И то, и другое, гораздо проще складывается у меня с городами, чем с людьми. Города мне как-то ближе и понятнее. У нас похожие радости и проблемы, сходный способ проявлять себя, мы ждем от окружающего мира примерно одного и того же - вкладов, строительства, живой жизни. И чтобы нас держали. И чтобы брали и уносили дары. И так далее.
У нас с городами даже масштабы более-менее совпадают. То есть, даже лучше (для меня), города обычно больше, чем я, и я в них помещаюсь целиком. А в человека один мизинец засунешь, а он уже говорит: што ж тебя так много-то? То есть, не говорит, конечно, но примерно так ощущает. И думает, мизинец - это все "я" и есть. А мне от этого муторно. Ну и все остальное, которое не мизинец, снаружи болтается бесприютно. И человеку лишний напряг.
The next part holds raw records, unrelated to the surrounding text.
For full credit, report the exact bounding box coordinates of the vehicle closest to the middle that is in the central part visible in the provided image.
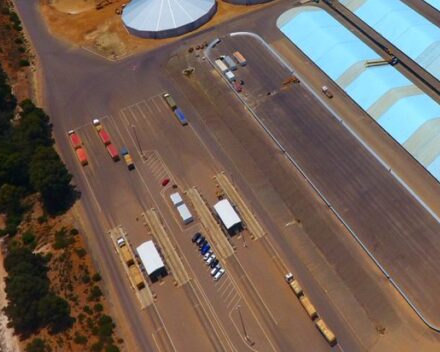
[212,188,229,200]
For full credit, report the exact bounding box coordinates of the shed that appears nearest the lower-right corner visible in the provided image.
[213,198,243,237]
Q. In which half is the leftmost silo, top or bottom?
top

Есть, конечно, пара-тройка человекообразных исключений. Но не напасешься. Поэтому мне проще строить отношения с городами - с тех пор, как я делаю это осознанно и спокойно, а не в романтическом порыве в рамках поэтического взгляда на мир. В жопу поэтические взгляды, от них только путаница случается. Я просто вхожу в город пустым (но не дырявым) горшком и жду, чем меня наполнят. Содержимое потом можно просто пустить на строительство себя, а можно попутно проанализировать, осмыслить и даже сформулировать выводы, почему нет.
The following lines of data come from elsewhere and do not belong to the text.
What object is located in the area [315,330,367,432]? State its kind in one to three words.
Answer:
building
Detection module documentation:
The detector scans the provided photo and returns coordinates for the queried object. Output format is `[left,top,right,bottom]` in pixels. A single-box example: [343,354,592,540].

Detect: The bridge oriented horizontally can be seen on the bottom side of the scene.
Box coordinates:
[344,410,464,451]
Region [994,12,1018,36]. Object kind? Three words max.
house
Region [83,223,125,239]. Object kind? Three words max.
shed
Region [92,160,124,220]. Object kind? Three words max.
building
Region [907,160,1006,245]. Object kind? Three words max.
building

И вот я до сих пор в себя не могу прийти после Рима. Похоже, он дал мне так много, что я еще долго буду это усваивать. Все-таки он очень большой - во всех смыслах. И смыслы у него большие.
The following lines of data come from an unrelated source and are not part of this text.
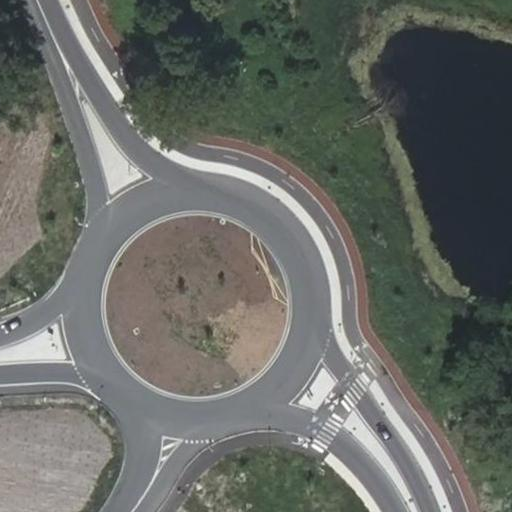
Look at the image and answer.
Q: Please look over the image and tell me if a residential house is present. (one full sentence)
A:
No, this view has no residential house in it.
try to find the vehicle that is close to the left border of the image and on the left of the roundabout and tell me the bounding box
[2,318,20,332]
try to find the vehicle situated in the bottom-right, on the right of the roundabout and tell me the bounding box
[376,422,392,441]
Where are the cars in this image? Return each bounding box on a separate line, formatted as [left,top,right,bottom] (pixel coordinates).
[2,318,20,332]
[376,422,392,441]
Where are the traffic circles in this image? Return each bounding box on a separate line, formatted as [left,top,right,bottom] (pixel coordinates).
[59,168,339,478]

При этом он мне очень близок и, в каком-то смысле, понятен. У него было детство вундеркинда, очень бурная юность, очень тяжелый кризис среднего возраста. Теперь у него прекрасная старость мудрого, веселого и слегка трёхнутого бессмертного, лучшее, чего можно себе пожелать. Похоже, он, в итоге, сумел принять и освоить ту форму бессмертия, которая лично ему доступна. Это невероятно важно - бессмертие само по себе всегда на кончиках пальцев, но не в угодной нам (доступной нашему воображению) форме, а уж какое есть. Непонятное, немыслимое, никак не согласующееся с освоенным ранее опытом. И принять его таким, какое оно есть конкретно для меня - самый трудный и самый необходимый, наверное, этап в развитии - человека ли, города ли, всякого осознащего существа.
Похоже, Рим это очень хорошо умеет. И всех этому учит, похоже. Учимся ли мы - другой вопрос. Но шанс есть.
Как же я его люблю. И совершенно не скучаю без него. И не хочу вернуться. Но ужасно радуюсь, когда вспоминаю, что скоро, наверное, вернусь. Потому что любовь. И дружба.